[DATA EXCERPTS]
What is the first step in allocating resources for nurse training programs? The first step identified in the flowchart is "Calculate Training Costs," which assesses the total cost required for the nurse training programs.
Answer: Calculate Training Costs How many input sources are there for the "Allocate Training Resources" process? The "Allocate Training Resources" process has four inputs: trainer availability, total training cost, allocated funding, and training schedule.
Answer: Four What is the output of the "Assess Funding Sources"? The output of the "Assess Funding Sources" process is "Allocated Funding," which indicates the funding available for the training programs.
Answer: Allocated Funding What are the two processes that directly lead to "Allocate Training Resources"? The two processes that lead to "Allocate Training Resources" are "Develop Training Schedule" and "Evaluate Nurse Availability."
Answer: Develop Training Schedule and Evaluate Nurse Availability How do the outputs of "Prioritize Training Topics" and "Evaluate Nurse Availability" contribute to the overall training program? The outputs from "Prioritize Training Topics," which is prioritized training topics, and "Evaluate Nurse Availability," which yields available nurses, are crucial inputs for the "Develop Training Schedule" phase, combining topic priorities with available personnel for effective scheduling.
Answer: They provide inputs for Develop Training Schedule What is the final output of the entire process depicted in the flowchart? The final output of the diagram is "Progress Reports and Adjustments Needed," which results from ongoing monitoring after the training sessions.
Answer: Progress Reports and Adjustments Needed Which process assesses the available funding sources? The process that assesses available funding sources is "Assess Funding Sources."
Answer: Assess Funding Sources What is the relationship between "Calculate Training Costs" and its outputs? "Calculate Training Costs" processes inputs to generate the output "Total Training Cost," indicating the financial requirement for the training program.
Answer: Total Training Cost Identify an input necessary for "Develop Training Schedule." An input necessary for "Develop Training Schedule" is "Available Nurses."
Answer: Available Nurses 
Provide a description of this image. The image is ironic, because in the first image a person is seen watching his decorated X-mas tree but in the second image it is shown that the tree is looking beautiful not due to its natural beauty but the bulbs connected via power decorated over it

--

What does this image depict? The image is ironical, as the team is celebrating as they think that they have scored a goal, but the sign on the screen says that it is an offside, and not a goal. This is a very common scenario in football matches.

[ASSIGNMENT] Lines containing "programs" in the records above: how many are there? Give only the number.

[RESULT] 2